C'est le conservatoire vivant des grandes heures de la Côte d'Azur. De la vieille ville médiévale aux venelles tortueuses, aux avenues bordées des palaces de la belle époque, le souvenir reste intact. Les rues, aux maisons hautes et étroites trouées de persiennes pour garder l'ombre et la fraîcheur pendant l'été, montent vers les rampes en escalier: C'est un souffle de baroque qui annonce l'église Saint-Michel (XVII -XVIII) dont le parvis composé d'une mosaïque de petits galets blancs et gris, représente les armes des Grimaldi. En face, la chapelle de l'Immaculée Conception (XVIIe). En descendant de la gare vers la mer - la Place des Victoires et l'église de style orientaliste. Des palmiers, des palaces, des tennis de style colonial anglais. Combien de voyageurs de la Belle Epoque ont dû venir jouir de cet ailleurs. La mer avec ses plages et ses galets, est omniprésente et surgit aux détours d'une ruelle, dans l'échappée d'une place. Juste derrière,
tout près, la montagne abrupte. Le château de Roquebrune regarde aussi vers le lointain. Mais ces murailles médiévales traduisent le danger qui vient de la mer. Nulle inquiétude au Cap-Martin. L'aristocratie goûte le soleil d'hiver dans ses villas et encourage les fantaisies des artistes. En grimpant les calades de Gorbio, Castellar et Castillon, on débouche sur les " chapelles peintes ", surmontées de leur petit clocher baroque. L'Italie a sans doute inspiré Castillon : ateliers, galeries, échoppes d'artisans s'y multipliént. Village-littoral le plus haut d'Europe, Sainte-Agnès, enserrée dans un écrin de montagnes avec la Méditerranée pour toile de fond. Les vestiges du château médiéval surplombent les casemates de la ligne Maginot.

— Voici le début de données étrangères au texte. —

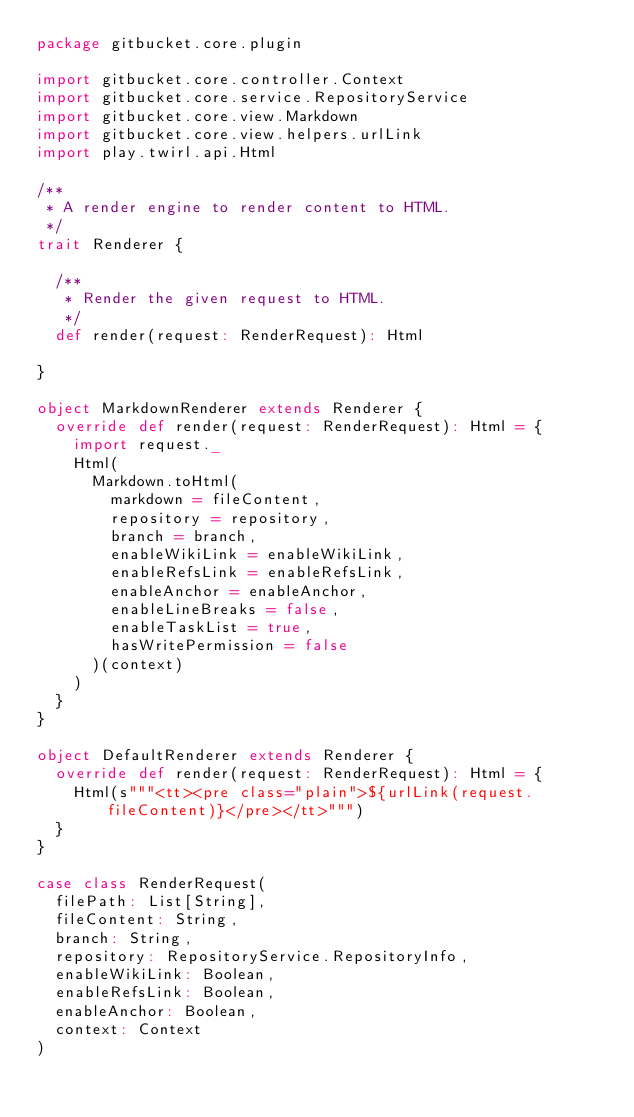<code> <loc_0><loc_0><loc_500><loc_500><_Scala_>package gitbucket.core.plugin

import gitbucket.core.controller.Context
import gitbucket.core.service.RepositoryService
import gitbucket.core.view.Markdown
import gitbucket.core.view.helpers.urlLink
import play.twirl.api.Html

/**
 * A render engine to render content to HTML.
 */
trait Renderer {

  /**
   * Render the given request to HTML.
   */
  def render(request: RenderRequest): Html

}

object MarkdownRenderer extends Renderer {
  override def render(request: RenderRequest): Html = {
    import request._
    Html(
      Markdown.toHtml(
        markdown = fileContent,
        repository = repository,
        branch = branch,
        enableWikiLink = enableWikiLink,
        enableRefsLink = enableRefsLink,
        enableAnchor = enableAnchor,
        enableLineBreaks = false,
        enableTaskList = true,
        hasWritePermission = false
      )(context)
    )
  }
}

object DefaultRenderer extends Renderer {
  override def render(request: RenderRequest): Html = {
    Html(s"""<tt><pre class="plain">${urlLink(request.fileContent)}</pre></tt>""")
  }
}

case class RenderRequest(
  filePath: List[String],
  fileContent: String,
  branch: String,
  repository: RepositoryService.RepositoryInfo,
  enableWikiLink: Boolean,
  enableRefsLink: Boolean,
  enableAnchor: Boolean,
  context: Context
)
</code> 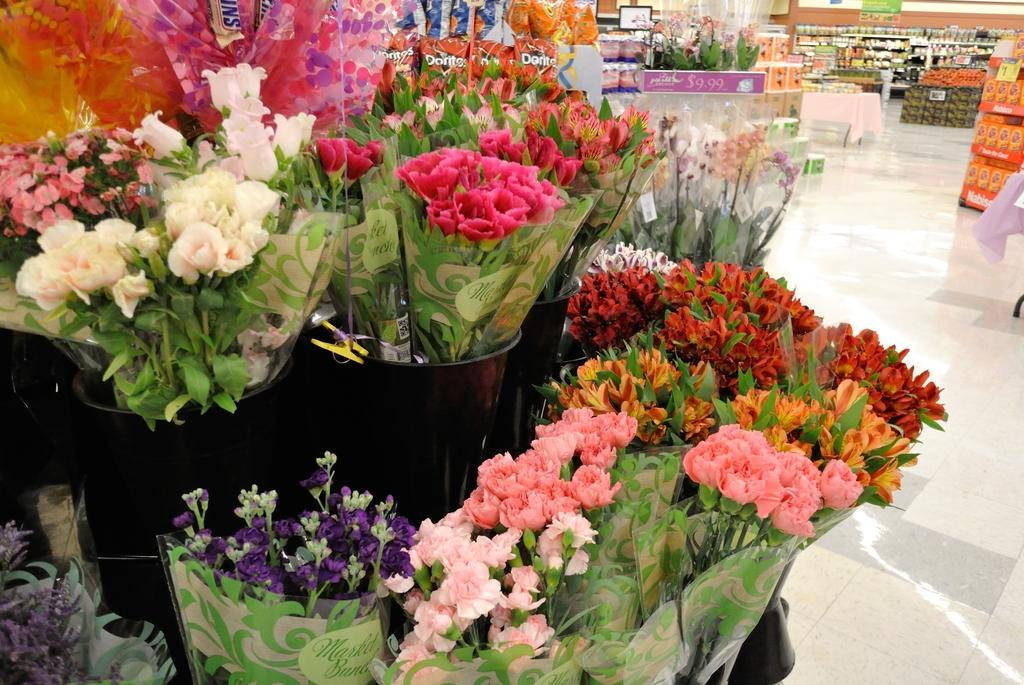What is the main subject of the image? The main subject of the image is flower bouquets. Can you describe the flowers in the bouquets? There are different types of flowers in the image. What else can be seen in the image besides the flower bouquets? There are other items visible in the backdrop of the image. What type of nut is being cracked by the person playing the guitar in the image? There is no person playing a guitar or cracking a nut present in the image; it only features flower bouquets and other unspecified items in the backdrop. 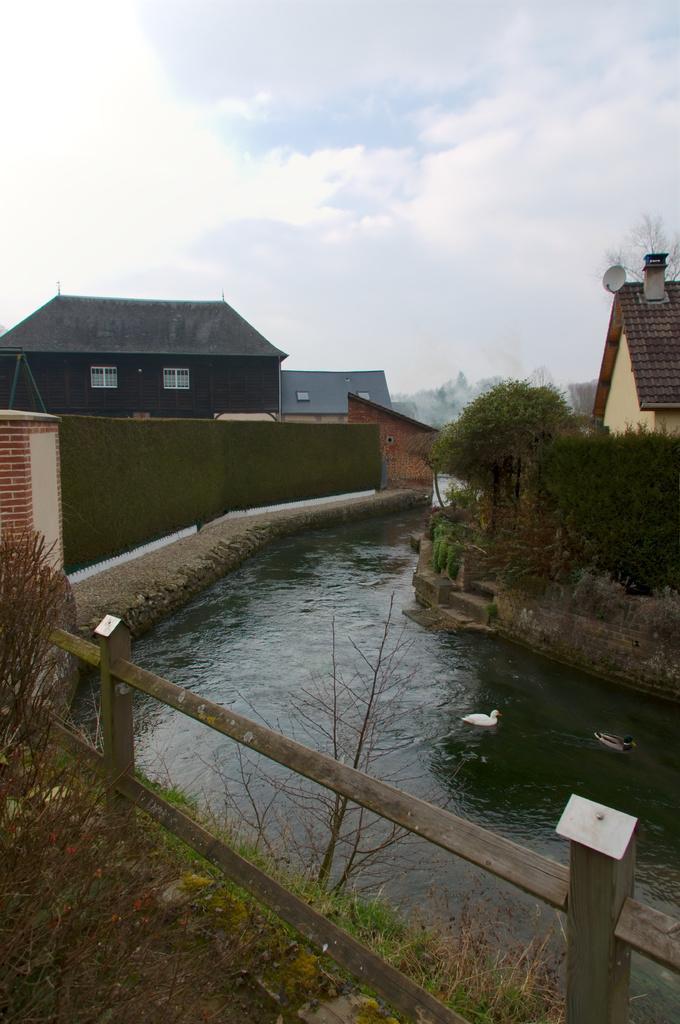Describe this image in one or two sentences. In the middle of the picture, we see water and ducks are swimming in the water. Beside that, we see a wooden railing. At the bottom of the picture, we see grass and trees. On the right side, we see shrubs and a building with a red color roof. On the left side, we see a wall in green color and behind that, we see buildings in black and grey color. At the top of the picture, we see the sky.

Le pays mentonnais en fête
Puis on se rend à Peille le premier week-end d’août pour la Fête du Blé et de la Lavande. C’est l’occasion de passer par Castillon pour la fête de la Saint Julien (1er samedi d’août) et de revenir la semaine d’après pour partager la soupe au pistou, préparée selon la tradition castillonnaise. Autre lieu, autre recette, avec Castellar et sa succulente soupe au pistou pour la fête de la Saint Bernard le 20 Août, le tout accompagné d’une dégustation de la fameuse pichade (tourte à la tomate). En août, c'est aussi la fête des BAZAÏS. Il faut remonter à 1700. La famine menaçait la population. Le froid avait détruit toutes les récoltes. Quelques hommes courageux armèrent un bateau et prirent la route de Gênes. Ils ne trouvèrent que des haricots noirs charançonnés (Les bazaïs) qu'ils payèrent à prix d'or. De retour à Menton, la population fit cuire ces haricots à tous les coins de rue. Les Mentonnais étaient sauvés. Depuis, tous les mois d'août, la population célèbre les "Bazaïs". Qui dit fête, dit musique. Durant cette même période, le parvis de l'église Saint-Michel est le rendez-vous des mélomanes et des musiciens du monde entier. Le Festival de musique de chambre leur offre la magie d'un cadre exceptionnel, sur cette place bordée par deux églises baroques, la mer à ses pieds et l'Italie en vis-à-vis.